But despite the fact that I frequently blur the taxonomic distinction between social butterfly and household pest, it never occurred to me that I could actually monetize the willingness to just, you know… chill.

Yet that’s exactly what some people are doing on RentAFriend, a “strictly platonic friendship website,” allowing paying members to search for and purchase the companionship of professional “Friends” who typically charge anywhere from $10 to $50 per hour for their time.

This uniquely capitalist take on camaraderie began its life back in 2009 in Stewartsville, New Jersey. RentAFriend founder Scott Rosenbaum was inspired by similar companies in Japan, such as Family Romance, a “substitute attendance service” that employs nearly 800 professional actors — ranging from young children to senior citizens — who can be hired to portray relatives, coworkers or significant others.

Family Romance owner, Ishii Yuichi, claims he’s personally been called upon to play the role of the loving groom at a closeted lesbian’s sham wedding, the intimidating yakuza boyfriend of an unfaithful woman whose husband demanded a confrontation with his wife’s lover, and even the affectionate father of a young girl who never met her real dad.

The idea of a platform in which users pay $24.95 a month to comb through the profiles of various rentable humans probably strikes a lot of people as inherently weird, if not downright dystopian, like the plot of a “Her” or “Ex Machina” style sci-fi piece about loneliness.

And in much the same way that HBO’s robotic “Westworld” amusement park distinguishes between its lifelike android “Hosts” and its human tourist “Visitors,” RentAFriend makes capital-letter distinctions between the over 600,000 professional “Friends” available for leasing worldwide, and the dues-paying “Members” who purchase their time.

If your social calendar is looking bleaker than your bank account, maybe dropping $25 a month on RentAFriend membership strikes you as a worthwhile investment. If you have more people skills than money, though, you’re probably wondering: How much cash could I make by being a paid “Friend,” and would it be worth the awkwardness?

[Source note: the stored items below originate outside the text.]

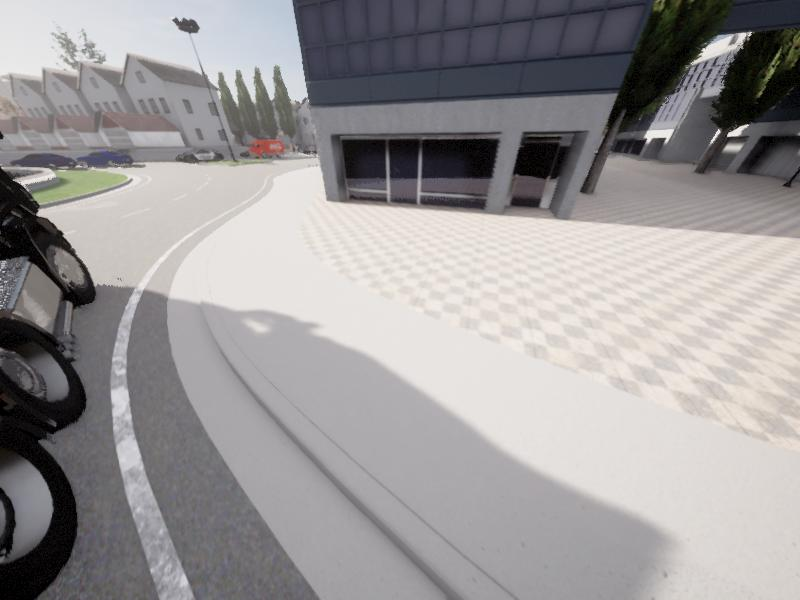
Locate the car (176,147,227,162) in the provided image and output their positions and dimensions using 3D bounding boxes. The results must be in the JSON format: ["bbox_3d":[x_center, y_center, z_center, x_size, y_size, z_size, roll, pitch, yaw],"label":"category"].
[{"bbox_3d":[-28.186,-20.790,32.950,2.033,1.649,4.856,19,39,26],"label":"car"}]

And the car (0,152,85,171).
[{"bbox_3d":[-34.988,-13.571,22.669,4.674,1.442,1.812,-4,35,-6],"label":"car"}]

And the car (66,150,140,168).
[{"bbox_3d":[-32.856,-15.720,25.695,5.008,1.535,1.882,-1,34,0],"label":"car"}]

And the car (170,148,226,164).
[{"bbox_3d":[-26.264,-18.872,30.241,2.038,1.542,4.974,21,40,27],"label":"car"}]

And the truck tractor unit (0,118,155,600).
[{"bbox_3d":[-4.846,-0.503,1.081,6.516,4.208,3.053,28,44,34],"label":"truck tractor unit"}]
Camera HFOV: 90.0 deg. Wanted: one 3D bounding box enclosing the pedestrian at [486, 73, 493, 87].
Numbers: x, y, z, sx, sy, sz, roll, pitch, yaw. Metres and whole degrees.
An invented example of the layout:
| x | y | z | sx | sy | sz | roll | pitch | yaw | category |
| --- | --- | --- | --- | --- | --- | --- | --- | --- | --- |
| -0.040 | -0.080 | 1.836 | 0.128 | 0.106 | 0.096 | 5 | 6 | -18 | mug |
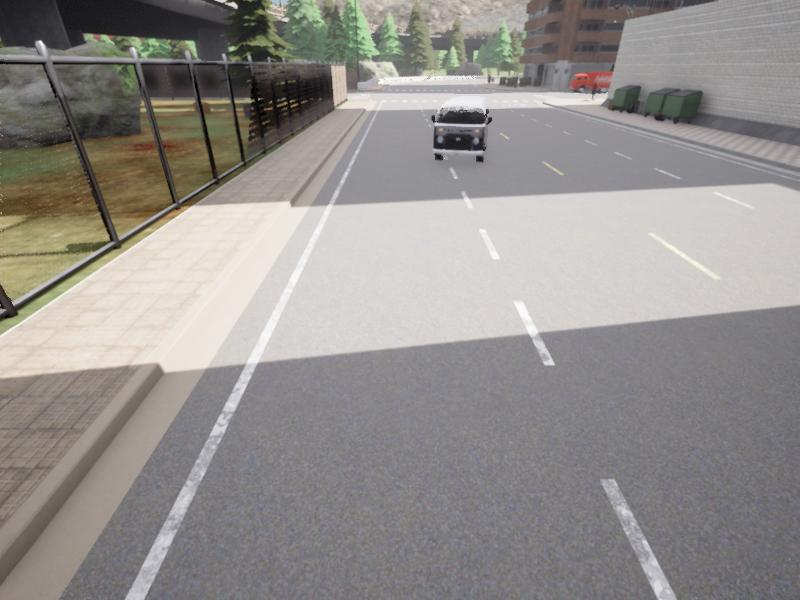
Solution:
| x | y | z | sx | sy | sz | roll | pitch | yaw | category |
| --- | --- | --- | --- | --- | --- | --- | --- | --- | --- |
| 14.544 | -35.713 | 64.927 | 0.751 | 1.860 | 0.751 | 2 | 30 | 3 | pedestrian |

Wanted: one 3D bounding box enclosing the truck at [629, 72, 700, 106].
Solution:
| x | y | z | sx | sy | sz | roll | pitch | yaw | category |
| --- | --- | --- | --- | --- | --- | --- | --- | --- | --- |
| 23.467 | -18.979 | 35.909 | 2.615 | 2.467 | 5.204 | 0 | 30 | 0 | truck |

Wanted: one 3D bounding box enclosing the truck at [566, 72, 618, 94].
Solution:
| x | y | z | sx | sy | sz | roll | pitch | yaw | category |
| --- | --- | --- | --- | --- | --- | --- | --- | --- | --- |
| 25.286 | -28.788 | 52.958 | 5.204 | 2.467 | 2.627 | 0 | 30 | 0 | truck |

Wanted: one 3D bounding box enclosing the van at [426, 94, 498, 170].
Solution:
| x | y | z | sx | sy | sz | roll | pitch | yaw | category |
| --- | --- | --- | --- | --- | --- | --- | --- | --- | --- |
| 2.432 | -6.484 | 15.081 | 2.069 | 2.038 | 4.480 | 7 | 31 | 12 | van |

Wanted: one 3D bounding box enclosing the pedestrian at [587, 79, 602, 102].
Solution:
| x | y | z | sx | sy | sz | roll | pitch | yaw | category |
| --- | --- | --- | --- | --- | --- | --- | --- | --- | --- |
| 18.401 | -19.795 | 37.821 | 0.751 | 1.860 | 0.751 | 22 | 37 | 33 | pedestrian |
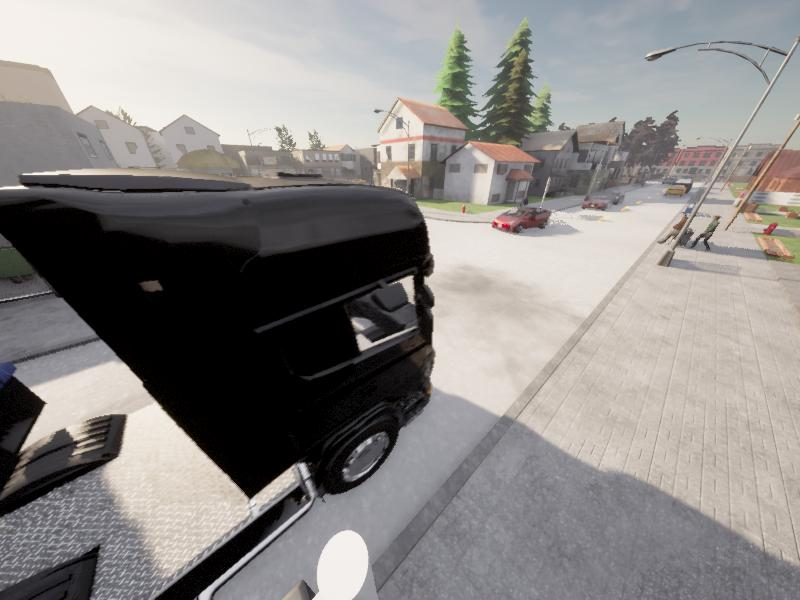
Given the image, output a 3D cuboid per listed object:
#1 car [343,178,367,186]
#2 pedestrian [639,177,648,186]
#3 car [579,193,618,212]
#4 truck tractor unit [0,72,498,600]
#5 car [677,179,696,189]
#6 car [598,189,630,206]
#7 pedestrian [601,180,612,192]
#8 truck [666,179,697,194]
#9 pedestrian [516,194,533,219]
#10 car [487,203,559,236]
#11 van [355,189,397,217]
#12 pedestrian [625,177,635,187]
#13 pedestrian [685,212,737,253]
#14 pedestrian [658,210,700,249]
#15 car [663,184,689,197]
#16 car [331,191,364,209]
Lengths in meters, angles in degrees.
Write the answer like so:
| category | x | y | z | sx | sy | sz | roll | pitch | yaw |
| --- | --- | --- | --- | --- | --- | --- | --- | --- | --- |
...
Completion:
| category | x | y | z | sx | sy | sz | roll | pitch | yaw |
| --- | --- | --- | --- | --- | --- | --- | --- | --- | --- |
| car | -11.035 | -29.263 | 57.110 | 5.366 | 1.575 | 1.801 | -24 | 37 | -35 |
| pedestrian | 57.059 | -27.890 | 54.179 | 0.751 | 1.860 | 0.751 | -20 | 36 | -31 |
| car | 21.421 | -10.538 | 24.890 | 4.181 | 1.385 | 1.994 | -23 | 37 | -35 |
| truck tractor unit | -2.680 | 0.945 | 2.150 | 6.516 | 4.208 | 3.053 | -23 | 37 | -34 |
| car | 60.421 | -24.417 | 48.690 | 3.988 | 1.617 | 1.851 | -22 | 37 | -33 |
| car | 26.218 | -12.616 | 28.327 | 3.633 | 1.501 | 1.845 | -23 | 37 | -34 |
| pedestrian | 36.594 | -20.228 | 40.926 | 0.751 | 1.860 | 0.751 | -23 | 37 | -35 |
| truck | 49.349 | -19.950 | 40.461 | 6.274 | 2.098 | 2.390 | -23 | 37 | -34 |
| pedestrian | 10.668 | -8.063 | 19.856 | 0.751 | 1.860 | 0.751 | 11 | 32 | 18 |
| car | 8.867 | -5.890 | 16.681 | 4.514 | 1.525 | 2.007 | -15 | 33 | -24 |
| van | -2.433 | -9.663 | 22.757 | 1.775 | 1.987 | 4.442 | -23 | 37 | -34 |
| pedestrian | 50.894 | -26.104 | 51.103 | 0.751 | 1.860 | 0.751 | -17 | 34 | -27 |
| pedestrian | 15.910 | -3.464 | 11.888 | 0.751 | 1.860 | 0.751 | 20 | 35 | 30 |
| pedestrian | 15.066 | -3.833 | 12.528 | 0.751 | 1.860 | 0.751 | -26 | 39 | -37 |
| car | 43.629 | -17.307 | 36.445 | 5.008 | 1.535 | 1.882 | -23 | 37 | -34 |
| car | -6.095 | -11.608 | 26.637 | 1.816 | 1.474 | 4.193 | -23 | 37 | -34 |

Working “Friends” Offer RentAFriend Reviews

Patrick Grieve makes notes during a Rent A Friend outing at Map Room in Chicago.
Patrick Grieve makes notes during a RentAFriend outing at Map Room in Chicago. Carmen Mandato/ The Penny Hoarder

The first few Friends I interviewed over the phone had largely similar origin stories — they were mostly twentysomethings, who were often still in college when they initially stumbled upon RentAFriend while looking for ways to make some spare cash.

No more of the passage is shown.